5. Music helps when I’m too tired to exercise, meditate, cook, practice lovingkindness, or take care of myself in other active ways. Music allows us to let go and receive. Thanks to dear friend Karen Drucker (https://www.karendrucker.com), whose music is an oasis of hope, love and humanity.

6. A sense of humor. When that fails, I’ll sign up for a funny bone replacement. One day, while obsessing about what shoe would drop next, the image of a fashionably dressed centipede leaving a long trail of tiny slippers came to mind. That image saved the day!

7. A little self-compassion goes a long way. We are all doing the best we can. Refuse to denigrate yourself for being vulnerable.

8. It helps to help others. I’ve been contributing to relief agencies, food banks, and political campaigns.

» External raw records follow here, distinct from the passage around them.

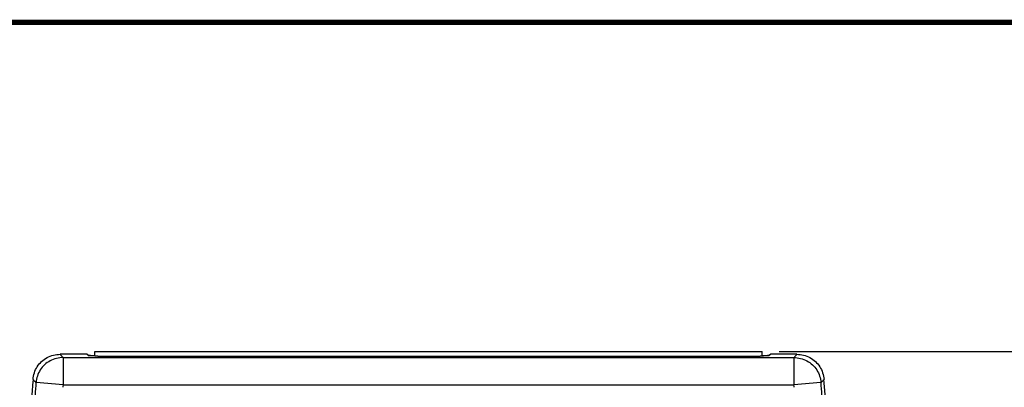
# Model space of a CAD drawing. Header units: inches. Extents: x -8.2 to 16.8, y 0.1 to 12.2.
# Tile 7 of 15: x 7.7 to 11.3, y 9.4 to 10.8. Entities that reach past the tile are written whole.
import ezdxf

# ---------------------------------------------------------------- set-up
doc = ezdxf.new("R2010")
doc.units = ezdxf.units.IN
doc.header["$LTSCALE"] = 0.935
doc.header["$MEASUREMENT"] = 0
doc.layers.get('0').update_dxf_attribs({"linetype": 'CONTINUOUS'})
doc.layers.add('DIMENSIONS', color=7, linetype='CONTINUOUS')
doc.styles.get("Standard").update_dxf_attribs({"font": 'txt', "width": 0.8})
doc.dimstyles.new('DIMSTYLE_1', dxfattribs={"dimtxt": 0.125, "dimasz": 0.18, "dimexe": 0.18, "dimexo": 0.0625, "dimgap": 0.09, "dimtad": 0, "dimtih": 1, "dimtoh": 1, "dimdec": 3, "dimzin": 4, "dimdsep": 46, "dimtxsty": 'STANDARD', "dimblk": '_FILLED', "dimblk1": '_FILLED', "dimblk2": '_FILLED', "dimcen": 0.09, "dimadec": 0, "dimazin": 0, "dimtp": 0.001, "dimtm": 0.001, "dimtfac": 1, "dimtdec": 3, "dimtofl": 0, "dimtmove": 0, "dimatfit": 3, "dimldrblk": '_FILLED', "dimfxl": 1, "dimtolj": 1, "dimtzin": 4, "dimarcsym": 0})

# ---------------------------------------------------------------- blocks, each defined once
blk = doc.blocks.new('_FILLED')
at = {"color": 0, "linetype": 'BYBLOCK'}
blk.add_solid([(0, 0), (-1, 0.174), (-1, -0.174)], dxfattribs=at)
blk = doc.blocks.new('*D5')
at = {"layer": 'DIMENSIONS', "color": 2, "linetype": 'CONTINUOUS'}
for p, q in [((11.8189, 9.5476), (11.8189, 9.9076)), ((10.5088, 9.5476), (11.9439, 9.5476)), ((11.2564, 9.0376), (11.9439, 9.0376)), ((11.8189, 9.0376), (11.8189, 8.6776))]:
    blk.add_line(p, q, dxfattribs=at)
at = {"layer": 'DIMENSIONS', "color": 2, "linetype": 'CONTINUOUS', "xscale": 0.18, "yscale": 0.18, "zscale": 0.18}
for p, rotation in [((11.8189, 9.5476), 270), ((11.8189, 9.0376), 90)]:
    blk.add_blockref('_FILLED', p, dxfattribs=dict(at, rotation=rotation))
at = {"layer": 'DIMENSIONS', "color": 2, "linetype": 'CONTINUOUS', "width": 0.8}
for s, p in [('.510', (11.2064, 9.235)), ('[', (11.7314, 9.235)), ('12.95', (11.8314, 9.235)), (']', (12.3314, 9.235))]:
    blk.add_text(s, height=0.125, dxfattribs=at).set_placement(p)

msp = doc.modelspace()

# ---------------------------------------------------------------- linework, layer by layer
at = {"color": 7, "linetype": 'CONTINUOUS'}
for p, q in [((7.9629, 9.5376), (7.8633, 9.5376)), ((7.9629, 9.5376), (7.9708, 9.5324)), ((7.9634, 9.5376), (7.9681, 9.5345)), ((7.9916, 9.5314), (7.9916, 9.5476)), ((7.9916, 9.5476), (10.4463, 9.5476)), ((8.0028, 9.5313), (10.439, 9.5313)), ((10.4463, 9.5313), (10.4463, 9.5476)), ((10.4789, 9.5376), (10.471, 9.5324)), ((10.4784, 9.5376), (10.4737, 9.5345)), ((10.5745, 9.5376), (10.4789, 9.5376)), ((7.8743, 9.5257), (7.8743, 9.4258)), ((7.8743, 9.5257), (10.5635, 9.5257)), ((10.5635, 9.5257), (10.5635, 9.4258)), ((7.8743, 9.4258), (7.7747, 9.4334)), ((7.8743, 9.4258), (10.5635, 9.4258)), ((10.6631, 9.4334), (10.5635, 9.4258))]:
    msp.add_line(p, q, dxfattribs=at)
at = {"color": 7, "linetype": 'CONTINUOUS', "const_width": 0.02}
msp.add_lwpolyline([(16.75, 10.7586), (0.25, 10.7586)], dxfattribs=at)
at = {"color": 7, "linetype": 'CONTINUOUS'}
for centre, radius, start, end in [((22.7189, 8.2876), 15, 175.57322, 176.91223), ((22.7189, 8.2876), 14.9881, 175.6157, 175.95628), ((22.7189, 8.2876), 14.8881, 175.6157, 175.65245), ((-4.2811, 8.2876), 14.8881, 4.34755, 4.3843), ((-4.2811, 8.2876), 14.9881, 4.04372, 4.3843), ((-4.2811, 8.2876), 15, 1.02947, 4.42678)]:
    msp.add_arc(centre, radius, start, end, dxfattribs=at)
for points, knots in [([(7.7637, 9.4454), (7.7643, 9.4537), (7.7677, 9.4701), (7.7786, 9.4926), (7.7947, 9.5118), (7.8151, 9.5264), (7.8384, 9.5356), (7.855, 9.5376), (7.8633, 9.5376)], [0, 0, 0, 0, 0.166735, 0.333379, 0.5, 0.666621, 0.833265, 1, 1, 1, 1]), ([(7.8633, 9.5376), (7.8645, 9.5363), (7.867, 9.5337), (7.8707, 9.5297), (7.8731, 9.527), (7.8743, 9.5257)], [0, 0, 0, 0, 0.333251, 0.666584, 1, 1, 1, 1]), ([(7.9681, 9.5345), (7.9684, 9.5343), (7.9694, 9.5343), (7.9713, 9.534), (7.973, 9.5339), (7.9741, 9.5339)], [0, 0, 0, 0, 0.152747, 0.48952, 1, 1, 1, 1]), ([(7.9916, 9.5314), (7.9913, 9.5314), (7.9893, 9.5314), (7.9857, 9.5315), (7.981, 9.5316), (7.9771, 9.5318), (7.974, 9.5319), (7.9721, 9.5321), (7.9711, 9.5322), (7.9708, 9.5324)], [0, 0, 0, 0, 0.030427, 0.290195, 0.520135, 0.71202, 0.859027, 0.956012, 1, 1, 1, 1]), ([(7.978, 9.5337), (7.9796, 9.5337), (7.983, 9.5336), (7.9875, 9.5335), (7.9904, 9.5335), (7.9916, 9.5335)], [0, 0, 0, 0, 0.353401, 0.752644, 1, 1, 1, 1]), ([(8.0028, 9.5313), (8.0008, 9.5313), (7.997, 9.5313), (7.9933, 9.5314), (7.9916, 9.5314)], [0, 0, 0, 0, 0.537802, 1, 1, 1, 1]), ([(10.4463, 9.5313), (10.4459, 9.5313), (10.4435, 9.5313), (10.4411, 9.5313), (10.439, 9.5313)], [0, 0, 0, 0, 0.164611, 1, 1, 1, 1]), ([(10.471, 9.5324), (10.4708, 9.5322), (10.4697, 9.5321), (10.4678, 9.5319), (10.4647, 9.5318), (10.4608, 9.5316), (10.4561, 9.5315), (10.4512, 9.5314), (10.4478, 9.5313), (10.4463, 9.5313)], [0, 0, 0, 0, 0.036886, 0.118211, 0.241483, 0.402384, 0.595195, 0.813015, 1, 1, 1, 1]), ([(10.4478, 9.5335), (10.4497, 9.5335), (10.4535, 9.5335), (10.4588, 9.5336), (10.4622, 9.5337), (10.4638, 9.5337)], [0, 0, 0, 0, 0.364007, 0.701373, 1, 1, 1, 1]), ([(10.4638, 9.5337), (10.4651, 9.5338), (10.4675, 9.5339), (10.4705, 9.534), (10.4721, 9.5342), (10.4728, 9.5343)], [0, 0, 0, 0, 0.440227, 0.777497, 1, 1, 1, 1]), ([(10.5635, 9.5257), (10.5647, 9.527), (10.5672, 9.5297), (10.5708, 9.5337), (10.5733, 9.5363), (10.5745, 9.5376)], [0, 0, 0, 0, 0.333416, 0.666749, 1, 1, 1, 1]), ([(10.5745, 9.5376), (10.5828, 9.5376), (10.5994, 9.5356), (10.6228, 9.5264), (10.6431, 9.5118), (10.6593, 9.4926), (10.6702, 9.4701), (10.6735, 9.4537), (10.6742, 9.4454)], [0, 0, 0, 0, 0.166735, 0.333379, 0.5, 0.666621, 0.833265, 1, 1, 1, 1]), ([(7.8743, 9.5257), (7.8661, 9.5257), (7.8495, 9.5236), (7.8262, 9.5145), (7.8058, 9.4999), (7.7897, 9.4807), (7.7787, 9.4581), (7.7753, 9.4417), (7.7747, 9.4334)], [0, 0, 0, 0, 0.165682, 0.332487, 0.49932, 0.666241, 0.833141, 1, 1, 1, 1]), ([(10.5635, 9.5257), (10.5718, 9.5257), (10.5884, 9.5236), (10.6117, 9.5144), (10.6321, 9.4998), (10.6482, 9.4806), (10.6591, 9.4581), (10.6625, 9.4416), (10.6631, 9.4334)], [0, 0, 0, 0, 0.166633, 0.333306, 0.5, 0.666694, 0.833367, 1, 1, 1, 1]), ([(7.7637, 9.4454), (7.7649, 9.4441), (7.7673, 9.4414), (7.771, 9.4374), (7.7735, 9.4347), (7.7747, 9.4334)], [0, 0, 0, 0, 0.333251, 0.666584, 1, 1, 1, 1]), ([(10.6631, 9.4334), (10.6644, 9.4347), (10.6668, 9.4374), (10.6705, 9.4414), (10.6729, 9.4441), (10.6742, 9.4454)], [0, 0, 0, 0, 0.333416, 0.666749, 1, 1, 1, 1])]:
    msp.add_open_spline(points, degree=3, knots=knots, dxfattribs=at)
for points in [[(7.9741, 9.5339), (7.9754, 9.5338), (7.9767, 9.5338), (7.978, 9.5337)], [(10.4463, 9.5334), (10.4468, 9.5335), (10.4473, 9.5335), (10.4478, 9.5335)], [(10.4728, 9.5343), (10.4731, 9.5343), (10.4735, 9.5343), (10.4737, 9.5345)]]:
    msp.add_open_spline(points, degree=3, dxfattribs=at)

# ---------------------------------------------------------------- dimensions: what is measured, and where the dimension line sits
at = {"layer": 'DIMENSIONS', "color": 2, "linetype": 'CONTINUOUS'}
dim = msp.add_linear_dim(base=(11.8189, 9.0376), p1=(10.5088, 9.5476), p2=(11.2564, 9.0376), angle=270, dimstyle='DIMSTYLE_1', dxfattribs=at)
dim.commit()
dim.dimension.update_dxf_attribs({"geometry": '*D5', "text_midpoint": (11.8189, 9.2975), "dimtype": 160})

doc.saveas('drawing.dxf')

I wish there was more time to volunteer. There isn’t right now, and that’s okay, too.

9. Continue to do what you love- right now that’s teaching online for me. Authentic connection, soul-to-soul, helps us thrive, create, and come out of hard times stronger than before. I never thought Zoom could provide that kind of intimate connection, but it does. (BTW, to read about my programs go to https://joanborysenko.com )

10. Keep the faith. We are on an archetypal Hero’s Journey together: the old order has crumbled; we are in liminal time – the time between no longer and not yet; in the last act of this cosmic drama we will emerge into a more beautiful world of social justice, kindness, and a world that works for all.

Hold that thought! Together we can do it!